My goal is to pick a higher level parallel programming language (as a algorithm design / prototyping
tool) to express my parallel algorithms in a concise way.  The deeper I look into these, I
have a stronger feeling that PIG and HIVE are competitors rather than complementing each other.
 I think a large set of problems can be done in either way, without much difference in terms
of skillset requirements.

At this moment, I am focus in the richness of the language model rather than the implementation
optimization.  Supporting "collection" as well as the flatten operation in the language model
seems to make PIG more powerful.  Yes, you can achieve the same thing in Hive but then it
starts to look odd.  Am I missing something Hive folks ?

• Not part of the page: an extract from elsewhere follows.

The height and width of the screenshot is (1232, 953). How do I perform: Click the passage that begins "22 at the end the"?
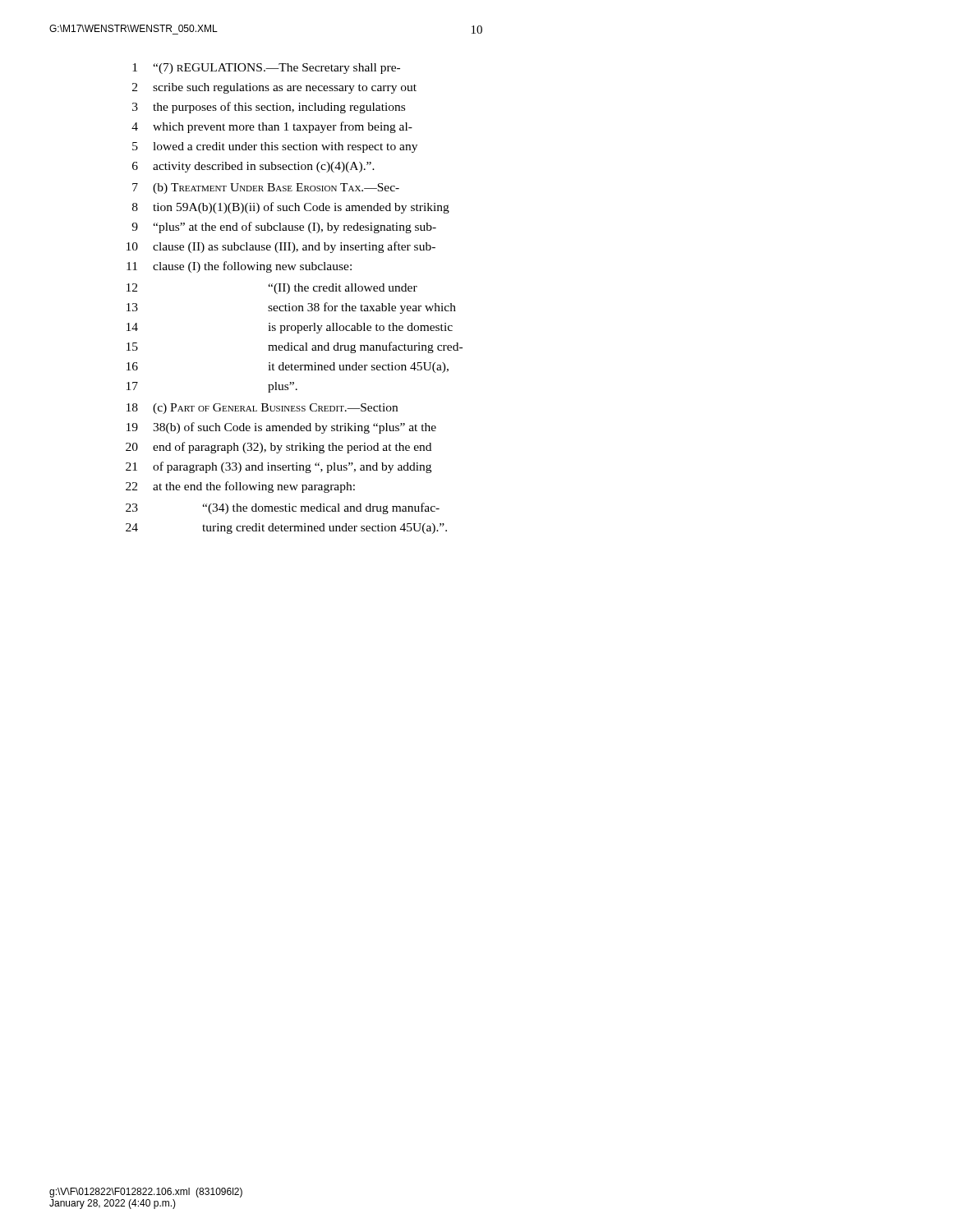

-----Original Message-----
From: Scott Carey [mailto:scott@richrelevance.com] 
Sent: Wednesday, May 06, 2009 7:48 PM
To: core-user@hadoop.apache.org
Subject: Re: PIG and Hive

Pig currently also compiles similar operations (like the below) into many
fewer map reduce passes and is several times faster in general.

This will change as the optimizer and available optimizations converge and
in the future they won't differ much.  But for now, Pig optimizes much

I ran a test that boiled down to SQL like this:

SELECT count(a.z), count(b.z), x, y from a, b where a.x = b.x and a.y = b.y
group by x, y.

(and equivalent, but more verbose Pig)

Pig did it in one map reduce pass in about 2 minutes and Hive did it in 5
map reduce passes in 10 minutes.

There is nothing keeping Hive from applying the optimizations necessary to
make that one pass, but those sort of performance optimizations aren't there
yet.  That is expected, it is a younger project.

It would be useful if more of these higher level tools shared work on the
various optimizations.  Pig and Hive (and perhaps CloudBase and Cascading?)
could benefit from a shared map-reduce compiler.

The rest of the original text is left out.